Шпильковский откопал снег у двери, отбил одну доску у заколоченного окна, чтобы не прекратился доступ воздуха в дом. Альберт Валерьянович следил за порядком, готовил еду, кормил Бронислава и Валттери. Воду добывал из снега…
Финский корабельный врач слабел на глазах, он почти уже не вставал, хрипел, страшно кашлял. Иногда он начинал забываться, впадать в бессознательное состояние. Альберт Валерьянович хотел было разделить альбуцид и колоть его и Брониславу, и Валттери, но военврач страшным голосом на чистой латыни сказал:
– Не переводи препарат. Мне этой дозы недостаточно… А Тойво должен пойти на поправку. Скоро нас обнаружат.
Военфельдшер лечил его тем, что было в доме – чаем, в который капал драгоценные капли спирта, оставшегося еще во фляге, взятой с подводной лодки. В таком заточении прошла неделя.
Дыхание Бронислава тем временем очистилось, температура стала меньше.
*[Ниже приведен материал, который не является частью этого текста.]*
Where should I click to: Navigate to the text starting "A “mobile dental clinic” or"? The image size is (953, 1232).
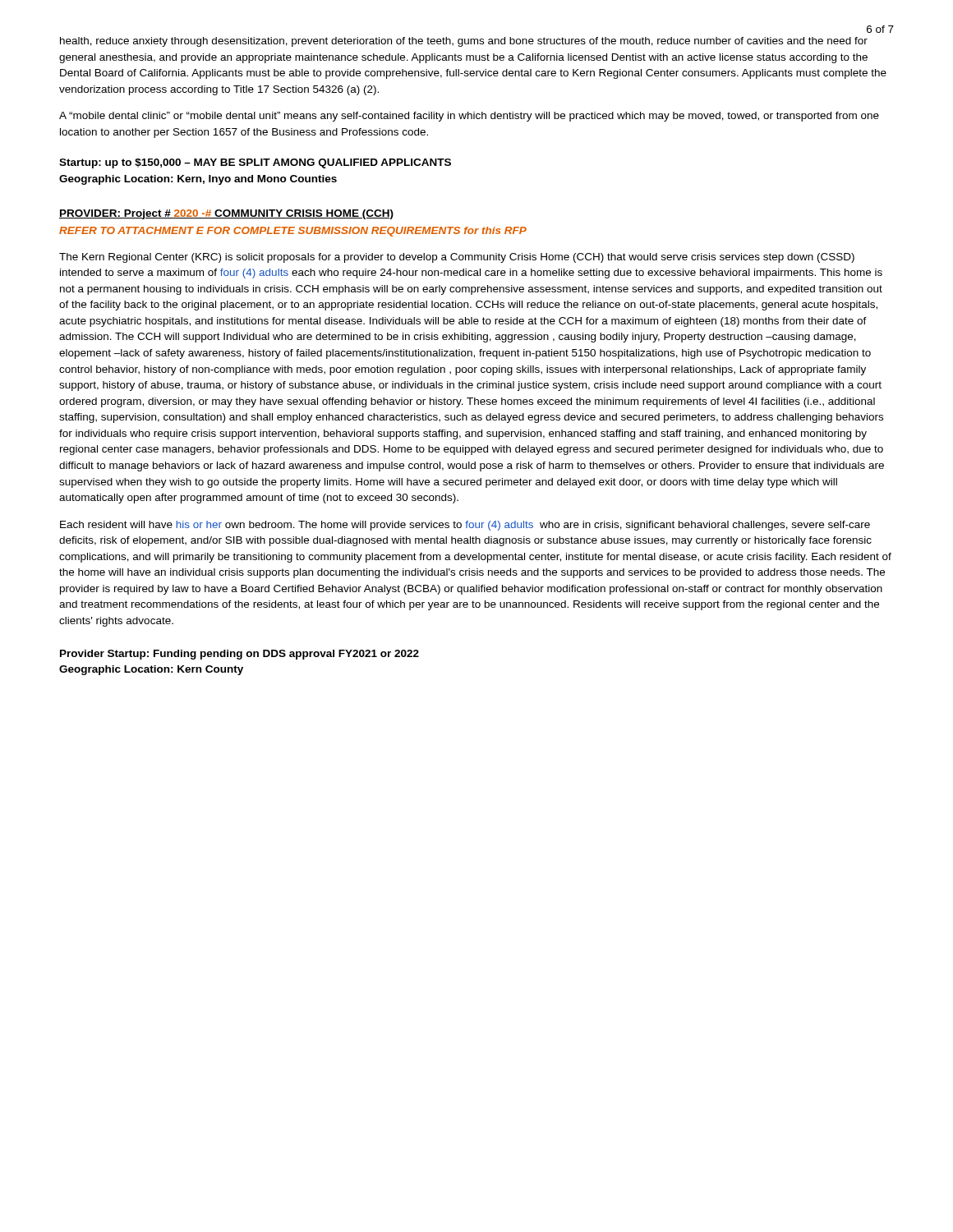click(469, 124)

Однажды среди ночи он начал стонать:
– Валерьянка, где ты! Валерьянка, иди сюда… Данила тронулся! Держи его! Хрен моржовый, салабон херовый, подвесить его за… – краснофлотец бредил.
– Тихо, – прошептал ему Шпильковский, – молчи…
Но было уже поздно. Валттери открыл глаза и слушал.
– Лингва россикус? – спросил финн. – Это он говорит по-русски?
– Да… Он знает русский и сейчас бредит на этом языке.
– А финский он знает?
Валттери подполз к Брониславу и по-фински закричал:
– Тойво, куулэтко минуа! Воит саноа! – и начал изо всех сил тормошить больного.
Тот только бессвязно замычал. Финский корабельный врач еще несколько раз повторил свою фразу:
– Тойво, ты меня слышишь? Можешь говорить? Тойво, куулэтко минуа! Воит саноа?
– Склитрындень ты двузадстворчатый, едрить тя в перехлест из поворота в перекос, и через гвоздями в забитый клюз туда и обратно и в печенку и в селезенку, семиголовый восьмихер с четырьмя пробоинами… – заревел Бронислав, широко раскрыв ничего не видящие глаза.